### [EXERCISE BRIEF]
Copy each line of the entries that contains the word "Aluminum".

### [Items from a dataset]

========================================

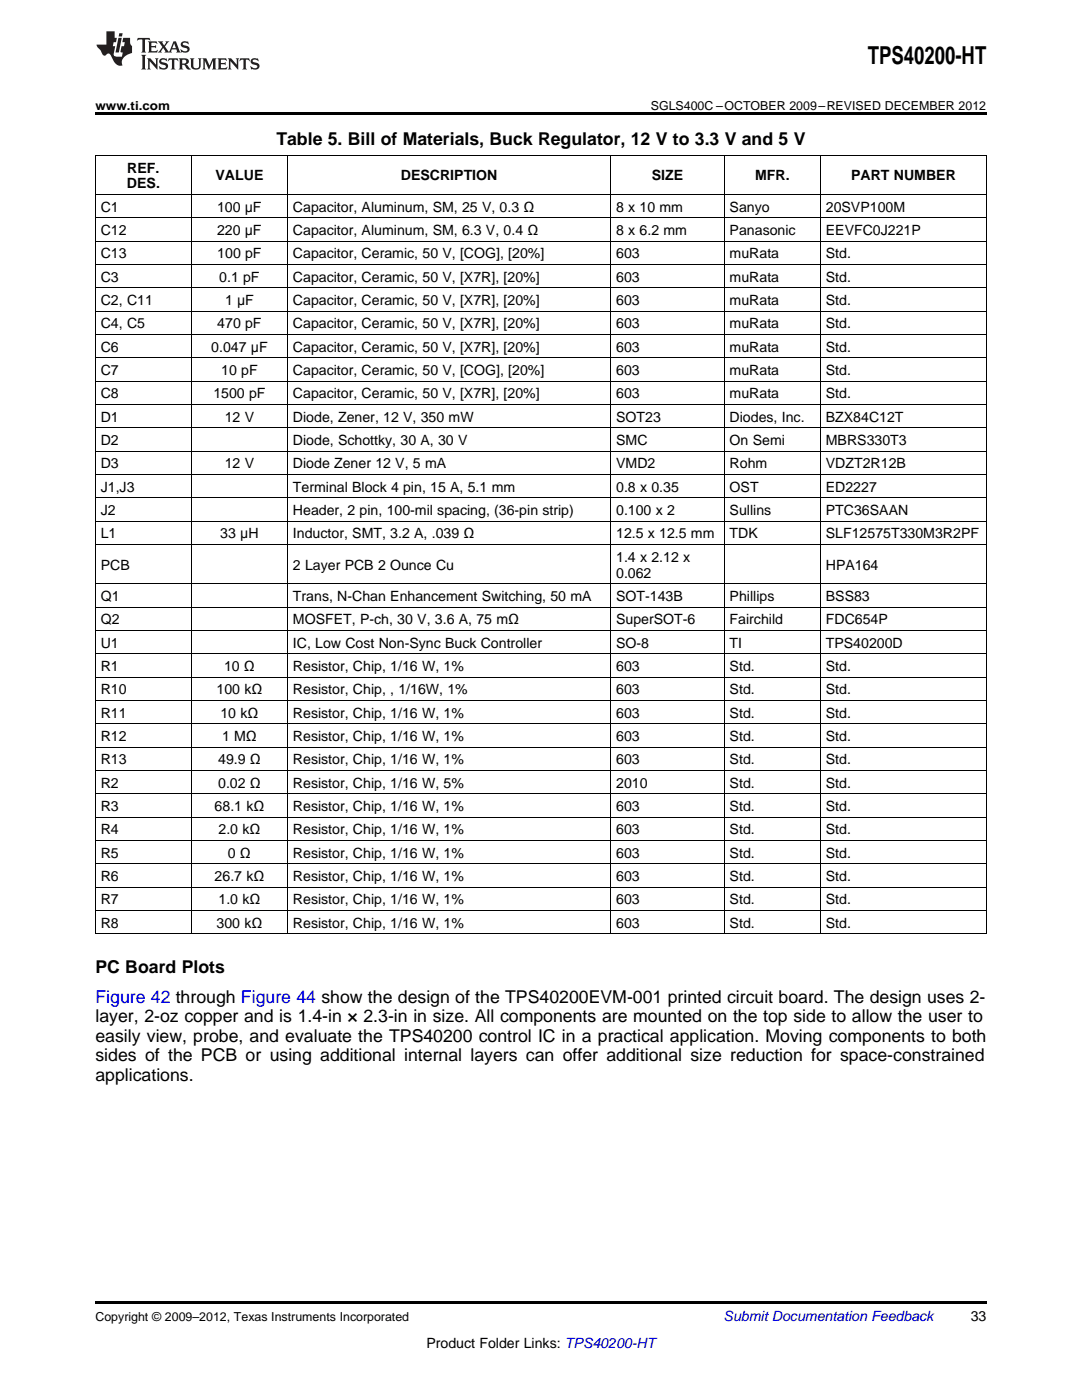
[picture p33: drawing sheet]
<svg xmlns="http://www.w3.org/2000/svg" width="216mm" height="279mm" viewBox="0 0 216 279" stroke-linecap="round" stroke-linejoin="round" font-family="sans-serif">
<defs><g id="words">
<text font-size="4.9" x="173.1" y="12.8">TPS40200-HT</text>
<g font-size="3.5">
<text x="55.1" y="28.9">Table 5. Bill of Materials, Buck Regulator, 12 V to 3.3 V and 5 V</text>
<text x="19" y="194.2">PC Board Plots</text>
<text x="19" y="204">layer, 2-oz copper and is 1.4-in × 2.3-in in size. All components are mounted on the top side to allow the user to</text>
<text x="19" y="207.9">easily view, probe, and evaluate the TPS40200 control IC in a practical application. Moving components to both</text>
<text x="19" y="211.8">sides of the PCB or using additional internal layers can offer additional size reduction for space-constrained</text>
<text x="19" y="215.7">applications.</text>
</g>
<text font-size="3.5" fill="#00f" x="19" y="200.2">Figure 42 through Figure 44 show the design of the TPS40200EVM-001 printed circuit board. The design uses 2-</text>
<g font-size="2.8">
<text x="25.4" y="34.4">REF.</text>
<text x="25.3" y="37.6">DES.</text>
<text x="43" y="36">VALUE</text>
<text x="80" y="36">DESCRIPTION</text>
<text x="130.1" y="36">SIZE</text>
<text x="150.7" y="36">MFR.</text>
<text x="169.8" y="36">PART NUMBER</text>
<text x="20.1" y="42.3">C1</text>
<text x="20.1" y="46.9">C12</text>
<text x="43.3" y="42.3">100 μF</text>
<text x="43.3" y="46.9">220 μF</text>
<text x="58.5" y="42.3">Capacitor, Aluminum, SM, 25 V, 0.3 Ω</text>
<text x="58.5" y="46.9">Capacitor, Aluminum, SM, 6.3 V, 0.4 Ω</text>
<text x="122.9" y="42.3">8 x 10 mm</text>
<text x="122.9" y="46.9">8 x 6.2 mm</text>
<text x="145.6" y="42.3">Sanyo</text>
<text x="145.6" y="46.9">Panasonic</text>
<text x="164.8" y="42.3">20SVP100M</text>
<text x="164.8" y="46.9">EEVFC0J221P</text>
<text x="20.1" y="51.6">C13</text>
<text x="43.4" y="51.6">100 pF</text>
<text x="58.5" y="51.6">Capacitor, Ceramic, 50 V, [COG], [20%]</text>
<text x="122.9" y="51.6">603</text>
<text x="145.6" y="51.6">muRata</text>
<text x="164.8" y="51.6">Std.</text>
<text x="20.1" y="56.2">C3</text>
<text x="43.7" y="56.2">0.1 pF</text>
<text x="58.5" y="56.2">Capacitor, Ceramic, 50 V, [X7R], [20%]</text>
<text x="122.9" y="56.2">603</text>
<text x="145.6" y="56.2">muRata</text>
<text x="164.8" y="56.2">Std.</text>
<text x="20.1" y="60.9">C2, C11</text>
<text x="20.1" y="65.5">C4, C5</text>
<text x="43.4" y="65.5">470 pF</text>
<text x="44.9" y="60.9">1 μF</text>
<text x="58.5" y="60.9">Capacitor, Ceramic, 50 V, [X7R], [20%]</text>
<text x="58.5" y="65.5">Capacitor, Ceramic, 50 V, [X7R], [20%]</text>
<text x="122.9" y="60.9">603</text>
<text x="122.9" y="65.5">603</text>
<text x="145.6" y="60.9">muRata</text>
<text x="145.6" y="65.5">muRata</text>
<text x="164.8" y="60.9">Std.</text>
<text x="164.8" y="65.5">Std.</text>
<text x="20.1" y="70.2">C6</text>
<text x="42.2" y="70.2">0.047 μF</text>
<text x="58.5" y="70.2">Capacitor, Ceramic, 50 V, [X7R], [20%]</text>
<text x="122.9" y="70.2">603</text>
<text x="145.6" y="70.2">muRata</text>
<text x="164.8" y="70.2">Std.</text>
<text x="20.1" y="74.9">C7</text>
<text x="44.1" y="74.9">10 pF</text>
<text x="58.5" y="74.9">Capacitor, Ceramic, 50 V, [COG], [20%]</text>
<text x="122.9" y="74.9">603</text>
<text x="145.6" y="74.9">muRata</text>
<text x="164.8" y="74.9">Std.</text>
<text x="20.1" y="79.5">C8</text>
<text x="42.6" y="79.5">1500 pF</text>
<text x="58.5" y="79.5">Capacitor, Ceramic, 50 V, [X7R], [20%]</text>
<text x="122.9" y="79.5">603</text>
<text x="145.6" y="79.5">muRata</text>
<text x="164.8" y="79.5">Std.</text>
<text x="20.1" y="84.2">D1</text>
<text x="20.1" y="88.8">D2</text>
<text x="44.8" y="84.2">12 V</text>
<text x="58.5" y="84.2">Diode, Zener, 12 V, 350 mW</text>
<text x="58.5" y="88.8">Diode, Schottky, 30 A, 30 V</text>
<text x="122.9" y="84.2">SOT23</text>
<text x="122.9" y="88.8">SMC</text>
<text x="145.6" y="84.2">Diodes, Inc.</text>
<text x="145.6" y="88.8">On Semi</text>
<text x="164.8" y="84.2">BZX84C12T</text>
<text x="164.8" y="88.8">MBRS330T3</text>
<text x="20.1" y="93.5">D3</text>
<text x="44.8" y="93.5">12 V</text>
<text x="58.5" y="93.5">Diode Zener 12 V, 5 mA</text>
<text x="122.9" y="93.5">VMD2</text>
<text x="145.6" y="93.5">Rohm</text>
<text x="164.8" y="93.5">VDZT2R12B</text>
<text x="20.1" y="98.1">J1,J3</text>
<text x="58.5" y="98.1">Terminal Block 4 pin, 15 A, 5.1 mm</text>
<text x="122.9" y="98.1">0.8 x 0.35</text>
<text x="145.6" y="98.1">OST</text>
<text x="164.8" y="98.1">ED2227</text>
<text x="20.1" y="102.8">J2</text>
<text x="20.1" y="107.5">L1</text>
<text x="44" y="107.5">33 μH</text>
<text x="58.5" y="102.8">Header, 2 pin, 100-mil spacing, (36-pin strip)</text>
<text x="58.5" y="107.5">Inductor, SMT, 3.2 A, .039 Ω</text>
<text x="122.9" y="102.8">0.100 x 2</text>
<text x="122.9" y="107.5">12.5 x 12.5 mm</text>
<text x="145.6" y="102.8">Sullins</text>
<text x="145.6" y="107.5">TDK</text>
<text x="164.8" y="102.8">PTC36SAAN</text>
<text x="164.8" y="107.5">SLF12575T330M3R2PF</text>
<text x="20.1" y="113.7">PCB</text>
<text x="58.5" y="113.7">2 Layer PCB 2 Ounce Cu</text>
<text x="122.9" y="112.1">1.4 x 2.12 x</text>
<text x="164.8" y="113.7">HPA164</text>
<text x="20.1" y="119.9">Q1</text>
<text x="58.5" y="119.9">Trans, N-Chan Enhancement Switching, 50 mA</text>
<text x="122.9" y="115.3">0.062</text>
<text x="122.9" y="119.9">SOT-143B</text>
<text x="145.6" y="119.9">Phillips</text>
<text x="164.8" y="119.9">BSS83</text>
<text x="20.1" y="124.6">Q2</text>
<text x="58.5" y="124.6">MOSFET, P-ch, 30 V, 3.6 A, 75 mΩ</text>
<text x="122.9" y="124.6">SuperSOT-6</text>
<text x="145.6" y="124.6">Fairchild</text>
<text x="164.8" y="124.6">FDC654P</text>
<text x="20.1" y="129.3">U1</text>
<text x="58.5" y="129.3">IC, Low Cost Non-Sync Buck Controller</text>
<text x="122.9" y="129.3">SO-8</text>
<text x="145.6" y="129.3">TI</text>
<text x="164.8" y="129.3">TPS40200D</text>
<text x="20.1" y="133.9">R1</text>
<text x="44.7" y="133.9">10 Ω</text>
<text x="58.5" y="133.9">Resistor, Chip, 1/16 W, 1%</text>
<text x="122.9" y="133.9">603</text>
<text x="145.6" y="133.9">Std.</text>
<text x="164.8" y="133.9">Std.</text>
<text x="20.1" y="138.6">R10</text>
<text x="20.1" y="143.2">R11</text>
<text x="43.2" y="138.6">100 kΩ</text>
<text x="44" y="143.2">10 kΩ</text>
<text x="58.5" y="138.6">Resistor, Chip, , 1/16W, 1%</text>
<text x="58.5" y="143.2">Resistor, Chip, 1/16 W, 1%</text>
<text x="122.9" y="138.6">603</text>
<text x="122.9" y="143.2">603</text>
<text x="145.6" y="138.6">Std.</text>
<text x="145.6" y="143.2">Std.</text>
<text x="164.8" y="138.6">Std.</text>
<text x="164.8" y="143.2">Std.</text>
<text x="20.1" y="147.9">R12</text>
<text x="44.3" y="147.9">1 MΩ</text>
<text x="58.5" y="147.9">Resistor, Chip, 1/16 W, 1%</text>
<text x="122.9" y="147.9">603</text>
<text x="145.6" y="147.9">Std.</text>
<text x="164.8" y="147.9">Std.</text>
<text x="20.1" y="152.5">R13</text>
<text x="43.5" y="152.5">49.9 Ω</text>
<text x="58.5" y="152.5">Resistor, Chip, 1/16 W, 1%</text>
<text x="122.9" y="152.5">603</text>
<text x="145.6" y="152.5">Std.</text>
<text x="164.8" y="152.5">Std.</text>
<text x="20.1" y="157.2">R2</text>
<text x="20.1" y="161.9">R3</text>
<text x="42.8" y="161.9">68.1 kΩ</text>
<text x="43.5" y="157.2">0.02 Ω</text>
<text x="58.5" y="157.2">Resistor, Chip, 1/16 W, 5%</text>
<text x="58.5" y="161.9">Resistor, Chip, 1/16 W, 1%</text>
<text x="122.9" y="157.2">2010</text>
<text x="122.9" y="161.9">603</text>
<text x="145.6" y="157.2">Std.</text>
<text x="145.6" y="161.9">Std.</text>
<text x="164.8" y="157.2">Std.</text>
<text x="164.8" y="161.9">Std.</text>
<text x="20.1" y="166.5">R4</text>
<text x="43.6" y="166.5">2.0 kΩ</text>
<text x="58.5" y="166.5">Resistor, Chip, 1/16 W, 1%</text>
<text x="122.9" y="166.5">603</text>
<text x="145.6" y="166.5">Std.</text>
<text x="164.8" y="166.5">Std.</text>
<text x="20.1" y="171.2">R5</text>
<text x="45.5" y="171.2">0 Ω</text>
<text x="58.5" y="171.2">Resistor, Chip, 1/16 W, 1%</text>
<text x="122.9" y="171.2">603</text>
<text x="145.6" y="171.2">Std.</text>
<text x="164.8" y="171.2">Std.</text>
<text x="20.1" y="175.8">R6</text>
<text x="42.8" y="175.8">26.7 kΩ</text>
<text x="58.5" y="175.8">Resistor, Chip, 1/16 W, 1%</text>
<text x="122.9" y="175.8">603</text>
<text x="145.6" y="175.8">Std.</text>
<text x="164.8" y="175.8">Std.</text>
<text x="20.1" y="180.5">R7</text>
<text x="20.1" y="185.1">R8</text>
<text x="43.2" y="185.1">300 kΩ</text>
<text x="43.6" y="180.5">1.0 kΩ</text>
<text x="58.5" y="180.5">Resistor, Chip, 1/16 W, 1%</text>
<text x="58.5" y="185.1">Resistor, Chip, 1/16 W, 1%</text>
<text x="122.9" y="180.5">603</text>
<text x="122.9" y="185.1">603</text>
<text x="145.6" y="180.5">Std.</text>
<text x="145.6" y="185.1">Std.</text>
<text x="164.8" y="180.5">Std.</text>
<text x="164.8" y="185.1">Std.</text>
<text x="193.7" y="263.6">33</text>
<text x="85.1" y="269">Product Folder Links: TPS40200-HT</text>
</g>
<text font-size="2.8" fill="#0000c8" x="144.4" y="263.6">Submit Documentation Feedback</text>
<g font-size="2.5">
<text x="19" y="21.9">www.ti.com</text>
<text x="129.9" y="21.9">SGLS400C –OCTOBER 2009–REVISED DECEMBER 2012</text>
<text x="19" y="263.6">Copyright © 2009–2012, Texas Instruments Incorporated</text>
</g>
</g></defs>
<path d="M19 22.5h177.8v.5h-177.8zM19 259.7h177.8v.5h-177.8z" fill="#000"/>
<g fill="none" stroke="#000" stroke-width=".2">
<path d="M19 38.8h177.8M19 31h177.8M19.1 31v155.4M38.2 31v155.4M57.3 31v155.4M121.8 31v155.4M144.5 31v155.4M163.7 31v155.4M196.8 31v155.4M19 57.4h177.8M19 52.8h177.8M19 48.1h177.8"/>
<path d="M19 43.5h177.8M19 76.1h177.8M19 71.4h177.8M19 66.8h177.8M19 62.1h177.8M19 99.4h177.8M19 94.7h177.8M19 90h177.8M19 85.4h177.8M19 80.7h177.8M19 116.5h177.8M19 108.7h177.8"/>
<path d="M19 104h177.8M19 139.8h177.8M19 135.1h177.8M19 130.5h177.8M19 125.8h177.8M19 121.2h177.8M19 158.4h177.8M19 153.8h177.8M19 149.1h177.8M19 144.4h177.8M19 177h177.8M19 172.4h177.8"/>
<path d="M19 167.7h177.8M19 163.1h177.8M19 186.4h177.8M19 181.7h177.8"/>
</g>
<g fill="#231f20">
<path d="M27.5 7.6l-.1 .5 .4-.2h.6v.1v2.1l-.2 .4h1l-.3-.4v-2.1l.1-.1h.5l.5 .2-.2-.5zM29.5 8.3l.2 .3v1.5l-.2 .4h1.8l.2-.6a1.04 1.04 0 0 1-1.3 .2v-.7h.6l.3 .2v-.6l-.3 .2h-.6v-.6l.8-.1 .4 .3-.2-.5zM31.5 8.3l.9 1.1-.9 1.1h.8l-.2-.2 .5-.7 .4 .7-.2 .2h1.5l-.1-.2 .1-.4h.9l.1 .4-.2 .2h1l-.3-.3-.7-1.9h-.5l-.9 2-.8-1 .9-1h-.8l.1 .3-.3 .5-.4-.6 .2-.2zM34.7 8.6l.4 1h-.7zM36.3 8.4a.63 .63 0 0 0-.2 .7 .63 .63 0 0 0 .6 .4l.6 .2 .1 .2a.75 .75 0 0 1-.7 .4 .75 .75 0 0 1-.6-.5l.1 .7 .1-.1a1.11 1.11 0 0 0 1.5-.6 1.13 1.13 0 0 0-1.2-.8l-.1-.4a1.04 1.04 0 0 1 1.2 .2l-.2-.5-.1 .1-.5-.2zM28.2 10.9l.2 .4v2.2l-.2 .4h1l-.3-.4v-2.2l.3-.4zM29.3 11.6l.3 .4v1.5l-.3 .4h.8l-.2-.4v-1.3l1.5 1.7v-1.9l.2-.4h-.7l.2 .4v.9l-1.1-1.3zM32 11.8a.62 .62 0 0 0-.2 .7 .62 .62 0 0 0 .6 .4l.6 .1 .1 .3a.76 .76 0 0 1-.7 .3 .76 .76 0 0 1-.6-.4l.1 .7 .1-.1a1.11 1.11 0 0 0 1.5-.6 1.13 1.13 0 0 0-1.2-.8l-.1-.4a1.04 1.04 0 0 1 1.2 .2l-.2-.6-.1 .1-.5-.1zM33.7 11.6l-.2 .6a.61 .61 0 0 1 .8-.3v1.6l-.2 .4h.9l-.2-.4v-1.6a.63 .63 0 0 1 .8 .3l-.2-.6zM35.6 11.6l.3 .4v1.5l-.3 .4h1l-.2-.2v-.8l.5 .2a.76 .76 0 0 0 1.2 .7l-1-1a.58 .58 0 0 0 .6-.5 .58 .58 0 0 0-.5-.6zM36.4 11.9h.1a.45 .45 0 0 1 .5 .1 .45 .45 0 0 1 .1 .5l-.7 .2zM37.9 11.6l.2 .2a2.17 2.17 0 0 0 .3 1.9 .99 .99 0 0 0 1.6-.6v-1.1l.2-.4h-.7l.2 .2a1.92 1.92 0 0 1-.2 1.8 .6 .6 0 0 1-.9-.5v-1.1l.2-.4zM40.4 11.6l.2 .4v1.5l-.2 .4h.7l-.2-.4v-1.4l.8 1.8 .8-1.8v1.4l-.2 .4h.9l-.2-.4v-1.5l.2-.4h-.8l-.6 1.5-.6-1.5zM43.4 11.6l.2 .4v1.5l-.2 .4h1.8l.2-.6a1.04 1.04 0 0 1-1.3 .1v-.6h.5l.4 .2v-.6l-.4 .2h-.5v-.7h.8l.3 .3-.1-.6zM45.5 11.6l.2 .4v1.5l-.2 .4h.7l-.2-.4v-1.3l1.5 1.7v-1.9l.2-.4h-.7l.2 .4v.9l-1.1-1.3zM47.9 11.6l-.1 .6a.61 .61 0 0 1 .8-.3v1.6l-.3 .4h1l-.3-.4 .1-1.6a.63 .63 0 0 1 .7 .3l-.1-.6zM50.2 11.8a.62 .62 0 0 0-.2 .7 .62 .62 0 0 0 .6 .4l.6 .1 .2 .3a.76 .76 0 0 1-.8 .3 .76 .76 0 0 1-.6-.4l.1 .7 .2-.1a1.11 1.11 0 0 0 1.5-.6 1.13 1.13 0 0 0-1.3-.8l-.1-.4a1.04 1.04 0 0 1 1.2 .2l-.1-.6-.2 .1-.5-.1z"/>
<path d="M21.2 6.3v2.6h-1.9l.1 .4 .7 .9a.91 .91 0 0 0 1 .8 .56 .56 0 0 1 .5-.3 .56 .56 0 0 1 .5 .3l.4 .8a1.53 1.53 0 0 0 1.9 1.2 1.54 1.54 0 0 1 1-2.1l.9-.3v-1.4a1.52 1.52 0 0 1-.3-1.6h-1.4l-.2 .8h.5l-.2 .8h-.4l-.2 1v.2l.4 .1-.2 .8a1.93 1.93 0 0 1-1.6-.3l.3-1.8h-.5l.2-.8h.4l.2-.8h-.4v-1.3zM23.6 7.6l-.6 2.9h.7l.6-2.9zM23.8 6.6l-.1 .7h.6l.2-.7z"/>
</g>
<use href="#words"/>
</svg>

========================================

### [EXERCISE ANSWER]
<text x="58.5" y="42.3">Capacitor, Aluminum, SM, 25 V, 0.3 Ω</text>
<text x="58.5" y="46.9">Capacitor, Aluminum, SM, 6.3 V, 0.4 Ω</text>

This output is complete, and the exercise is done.